I am having trouble writing my own instance of functor for a custom data type (that I cannot change). The data types are defined as:
data Foo a = Baz String (Qux -> Foo a) | Bar a
data Qux = None | Quux String
My problem is with writing a functor for the Foo type. Specifically, I'm not sure how to properly apply my functor function f to the function in the Foo.

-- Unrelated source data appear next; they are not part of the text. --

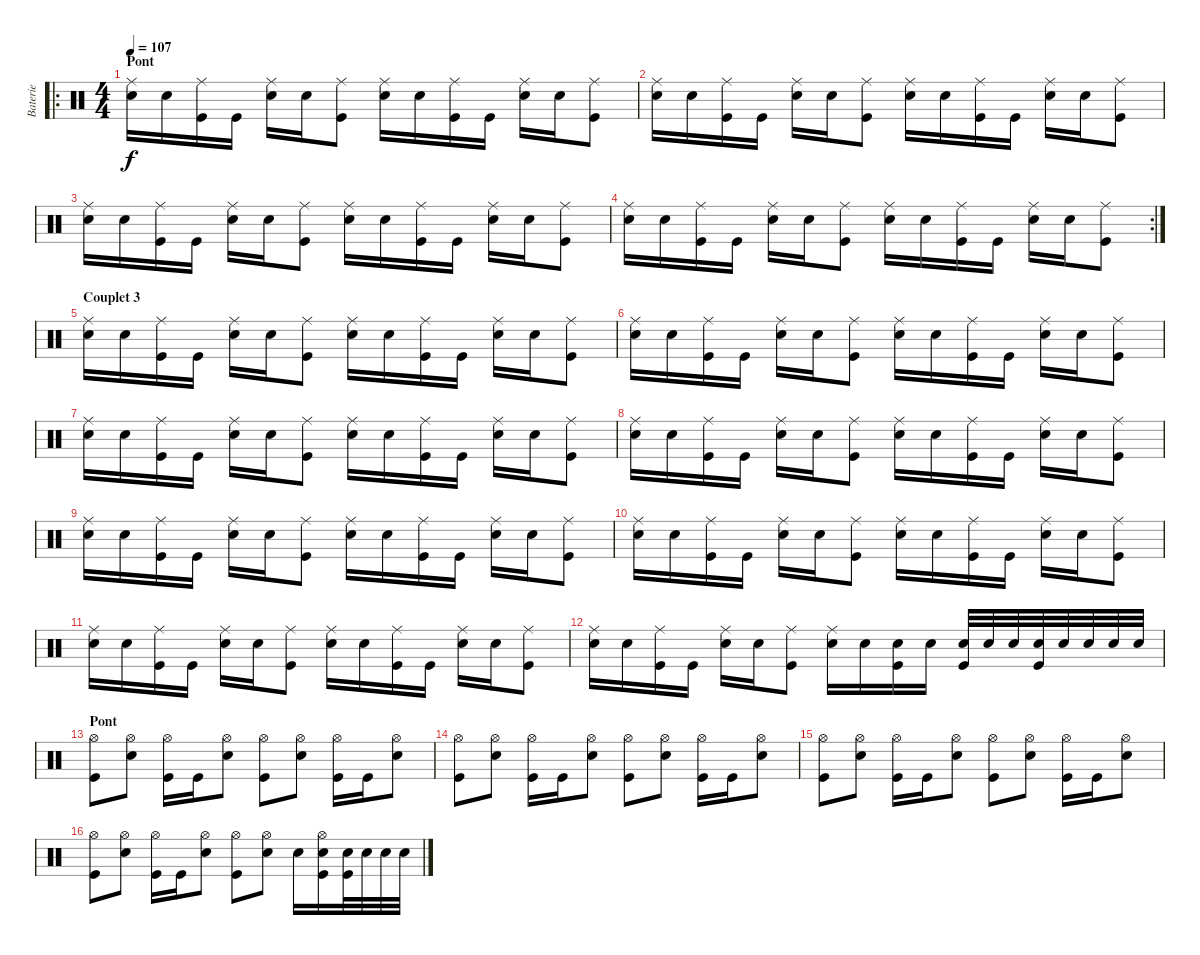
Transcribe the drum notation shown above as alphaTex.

\track ("Baterie" "Baterie") {instrument percussion}
\staff {score}
\articulation defaults
\ro
\ts (4 4)
\section ("" "Pont")
\tempo 107
\clef neutral
\ks c
("Ride (middle)" "Electric Snare (hit)").16{dy f} "Electric Snare (hit)".16 ("Ride (middle)" "Kick (hit)").16 "Kick (hit)".16 ("Ride (middle)" "Electric Snare (hit)").16 "Electric Snare (hit)".16 ("Ride (middle)" "Kick (hit)").8 ("Ride (middle)" "Electric Snare (hit)").16 "Electric Snare (hit)".16 ("Ride (middle)" "Kick (hit)").16 "Kick (hit)".16 ("Ride (middle)" "Electric Snare (hit)").16 "Electric Snare (hit)".16 ("Ride (middle)" "Kick (hit)").8 |
("Ride (middle)" "Electric Snare (hit)").16 "Electric Snare (hit)".16 ("Ride (middle)" "Kick (hit)").16 "Kick (hit)".16 ("Ride (middle)" "Electric Snare (hit)").16 "Electric Snare (hit)".16 ("Ride (middle)" "Kick (hit)").8 ("Ride (middle)" "Electric Snare (hit)").16 "Electric Snare (hit)".16 ("Ride (middle)" "Kick (hit)").16 "Kick (hit)".16 ("Ride (middle)" "Electric Snare (hit)").16 "Electric Snare (hit)".16 ("Ride (middle)" "Kick (hit)").8 |
("Ride (middle)" "Electric Snare (hit)").16 "Electric Snare (hit)".16 ("Ride (middle)" "Kick (hit)").16 "Kick (hit)".16 ("Ride (middle)" "Electric Snare (hit)").16 "Electric Snare (hit)".16 ("Ride (middle)" "Kick (hit)").8 ("Ride (middle)" "Electric Snare (hit)").16 "Electric Snare (hit)".16 ("Ride (middle)" "Kick (hit)").16 "Kick (hit)".16 ("Ride (middle)" "Electric Snare (hit)").16 "Electric Snare (hit)".16 ("Ride (middle)" "Kick (hit)").8 |
\rc 2
("Ride (middle)" "Electric Snare (hit)").16 "Electric Snare (hit)".16 ("Ride (middle)" "Kick (hit)").16 "Kick (hit)".16 ("Ride (middle)" "Electric Snare (hit)").16 "Electric Snare (hit)".16 ("Ride (middle)" "Kick (hit)").8 ("Ride (middle)" "Electric Snare (hit)").16 "Electric Snare (hit)".16 ("Ride (middle)" "Kick (hit)").16 "Kick (hit)".16 ("Ride (middle)" "Electric Snare (hit)").16 "Electric Snare (hit)".16 ("Ride (middle)" "Kick (hit)").8 |
\section ("" "Couplet 3")
("Ride (middle)" "Electric Snare (hit)").16 "Electric Snare (hit)".16 ("Ride (middle)" "Kick (hit)").16 "Kick (hit)".16 ("Ride (middle)" "Electric Snare (hit)").16 "Electric Snare (hit)".16 ("Ride (middle)" "Kick (hit)").8 ("Ride (middle)" "Electric Snare (hit)").16 "Electric Snare (hit)".16 ("Ride (middle)" "Kick (hit)").16 "Kick (hit)".16 ("Ride (middle)" "Electric Snare (hit)").16 "Electric Snare (hit)".16 ("Ride (middle)" "Kick (hit)").8 |
("Ride (middle)" "Electric Snare (hit)").16 "Electric Snare (hit)".16 ("Ride (middle)" "Kick (hit)").16 "Kick (hit)".16 ("Ride (middle)" "Electric Snare (hit)").16 "Electric Snare (hit)".16 ("Ride (middle)" "Kick (hit)").8 ("Ride (middle)" "Electric Snare (hit)").16 "Electric Snare (hit)".16 ("Ride (middle)" "Kick (hit)").16 "Kick (hit)".16 ("Ride (middle)" "Electric Snare (hit)").16 "Electric Snare (hit)".16 ("Ride (middle)" "Kick (hit)").8 |
("Ride (middle)" "Electric Snare (hit)").16 "Electric Snare (hit)".16 ("Ride (middle)" "Kick (hit)").16 "Kick (hit)".16 ("Ride (middle)" "Electric Snare (hit)").16 "Electric Snare (hit)".16 ("Ride (middle)" "Kick (hit)").8 ("Ride (middle)" "Electric Snare (hit)").16 "Electric Snare (hit)".16 ("Ride (middle)" "Kick (hit)").16 "Kick (hit)".16 ("Ride (middle)" "Electric Snare (hit)").16 "Electric Snare (hit)".16 ("Ride (middle)" "Kick (hit)").8 |
("Ride (middle)" "Electric Snare (hit)").16 "Electric Snare (hit)".16 ("Ride (middle)" "Kick (hit)").16 "Kick (hit)".16 ("Ride (middle)" "Electric Snare (hit)").16 "Electric Snare (hit)".16 ("Ride (middle)" "Kick (hit)").8 ("Ride (middle)" "Electric Snare (hit)").16 "Electric Snare (hit)".16 ("Ride (middle)" "Kick (hit)").16 "Kick (hit)".16 ("Ride (middle)" "Electric Snare (hit)").16 "Electric Snare (hit)".16 ("Ride (middle)" "Kick (hit)").8 |
("Ride (middle)" "Electric Snare (hit)").16 "Electric Snare (hit)".16 ("Ride (middle)" "Kick (hit)").16 "Kick (hit)".16 ("Ride (middle)" "Electric Snare (hit)").16 "Electric Snare (hit)".16 ("Ride (middle)" "Kick (hit)").8 ("Ride (middle)" "Electric Snare (hit)").16 "Electric Snare (hit)".16 ("Ride (middle)" "Kick (hit)").16 "Kick (hit)".16 ("Ride (middle)" "Electric Snare (hit)").16 "Electric Snare (hit)".16 ("Ride (middle)" "Kick (hit)").8 |
("Ride (middle)" "Electric Snare (hit)").16 "Electric Snare (hit)".16 ("Ride (middle)" "Kick (hit)").16 "Kick (hit)".16 ("Ride (middle)" "Electric Snare (hit)").16 "Electric Snare (hit)".16 ("Ride (middle)" "Kick (hit)").8 ("Ride (middle)" "Electric Snare (hit)").16 "Electric Snare (hit)".16 ("Ride (middle)" "Kick (hit)").16 "Kick (hit)".16 ("Ride (middle)" "Electric Snare (hit)").16 "Electric Snare (hit)".16 ("Ride (middle)" "Kick (hit)").8 |
("Ride (middle)" "Electric Snare (hit)").16 "Electric Snare (hit)".16 ("Ride (middle)" "Kick (hit)").16 "Kick (hit)".16 ("Ride (middle)" "Electric Snare (hit)").16 "Electric Snare (hit)".16 ("Ride (middle)" "Kick (hit)").8 ("Ride (middle)" "Electric Snare (hit)").16 "Electric Snare (hit)".16 ("Ride (middle)" "Kick (hit)").16 "Kick (hit)".16 ("Ride (middle)" "Electric Snare (hit)").16 "Electric Snare (hit)".16 ("Ride (middle)" "Kick (hit)").8 |
("Ride (middle)" "Electric Snare (hit)").16 "Electric Snare (hit)".16 ("Ride (middle)" "Kick (hit)").16 "Kick (hit)".16 ("Ride (middle)" "Electric Snare (hit)").16 "Electric Snare (hit)".16 ("Ride (middle)" "Kick (hit)").8 ("Ride (middle)" "Electric Snare (hit)").16 "Electric Snare (hit)".16 ("Electric Snare (hit)" "Kick (hit)").16 "Electric Snare (hit)".16 ("Electric Snare (hit)" "Kick (hit)").32 "Electric Snare (hit)".32 "Electric Snare (hit)".32 ("Electric Snare (hit)" "Kick (hit)").32 "Electric Snare (hit)".32 "Electric Snare (hit)".32 "Electric Snare (hit)".32 "Electric Snare (hit)".32 |
\section ("" "Pont")
("Hi-Hat (open)" "Kick (hit)").8 ("Hi-Hat (open)" "Electric Snare (hit)").8 ("Hi-Hat (open)" "Kick (hit)").16 "Kick (hit)".16 ("Hi-Hat (open)" "Electric Snare (hit)").8 ("Hi-Hat (open)" "Kick (hit)").8 ("Hi-Hat (open)" "Electric Snare (hit)").8 ("Hi-Hat (open)" "Kick (hit)").16 "Kick (hit)".16 ("Hi-Hat (open)" "Electric Snare (hit)").8 |
("Hi-Hat (open)" "Kick (hit)").8 ("Hi-Hat (open)" "Electric Snare (hit)").8 ("Hi-Hat (open)" "Kick (hit)").16 "Kick (hit)".16 ("Hi-Hat (open)" "Electric Snare (hit)").8 ("Hi-Hat (open)" "Kick (hit)").8 ("Hi-Hat (open)" "Electric Snare (hit)").8 ("Hi-Hat (open)" "Kick (hit)").16 "Kick (hit)".16 ("Hi-Hat (open)" "Electric Snare (hit)").8 |
("Hi-Hat (open)" "Kick (hit)").8 ("Hi-Hat (open)" "Electric Snare (hit)").8 ("Hi-Hat (open)" "Kick (hit)").16 "Kick (hit)".16 ("Hi-Hat (open)" "Electric Snare (hit)").8 ("Hi-Hat (open)" "Kick (hit)").8 ("Hi-Hat (open)" "Electric Snare (hit)").8 ("Hi-Hat (open)" "Kick (hit)").16 "Kick (hit)".16 ("Hi-Hat (open)" "Electric Snare (hit)").8 |
("Hi-Hat (open)" "Kick (hit)").8 ("Hi-Hat (open)" "Electric Snare (hit)").8 ("Hi-Hat (open)" "Kick (hit)").16 "Kick (hit)".16 ("Hi-Hat (open)" "Electric Snare (hit)").8 ("Hi-Hat (open)" "Kick (hit)").8 ("Hi-Hat (open)" "Electric Snare (hit)").8 "Electric Snare (hit)".16 ("Hi-Hat (open)" "Electric Snare (hit)" "Kick (hit)").16 ("Electric Snare (hit)" "Kick (hit)").32 "Electric Snare (hit)".32 "Electric Snare (hit)".32 "Electric Snare (hit)".32

I was thinking of somehow calling the function in the constructor, but since I don't have any Qux's available for use, I'm stuck.

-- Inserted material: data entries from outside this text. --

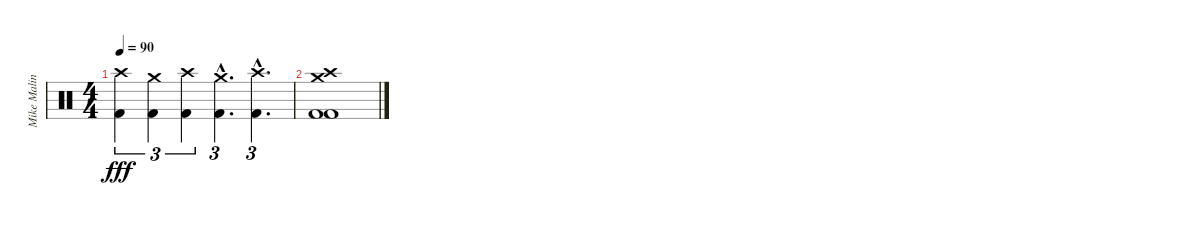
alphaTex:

\track ("Mike Malinin - Drums" "Mike Malin") {instrument percussion}
\staff {score}
\articulation defaults
\ts (4 4)
\tempo 90
\clef neutral
\ks c
("Crash high (hit)" "Kick (hit) 2").4{tu (3 2) dy fff} ("Crash medium (hit)" "Kick (hit) 2").4{tu (3 2)} ("Crash high (hit)" "Kick (hit) 2").4{tu (3 2)} ("Crash medium (hit)"{hac} "Kick (hit) 2"{hac}).4{d tu (3 2)} ("Crash high (hit)"{hac} "Kick (hit) 2"{hac}).4{d tu (3 2)} |
("Crash medium (hit)" "Crash high (hit)" "Kick (hit) 2" "Kick (hit) 2").1

instance Functor Foo where
fmap f (Bar a) = Bar (f a)
fmap f (Baz s ???) = Baz s (???) -- What goes here?
-- Clearly, something like this doesn't work
-- fmap f (Baz s g) = Baz s (f g)
-- I've also tried something like this, but I'm not sure where to go from there
-- fmap f (Baz s (None -> Bar b)) = Baz s (f b) ???
-- fmap f (Baz s (Quux x -> Bar b)) = Baz s ???
Let's start by completing the left side of this equation. We can write g to bind your function to a variable.
fmap f (Baz s g) = Baz s (???)
Then, we need to fill in the question marks with another function, that takes a Qux and returns a Foo b.
fmap f (Baz s g) = Baz s (\q -> ???)
We can only do one thing with q, which is apply g to it.
fmap f (Baz s g) = Baz s (\q -> g q)
However, this gives us a Foo a, but we need a Foo b! We don't have a function to do that. We do, however, have f, which takes an a and returns a b. If only there were a way to take a -> b and turn it into Foo a -> Foo b... oh wait, there is, it's called fmap!
fmap f (Baz s g) = Baz s (\q -> fmap f (g q))
If you want to write the function in point free notation (https://wiki.haskell.org/Pointfree), you can do this instead.
fmap f (Baz s g) = Baz s (fmap f . g)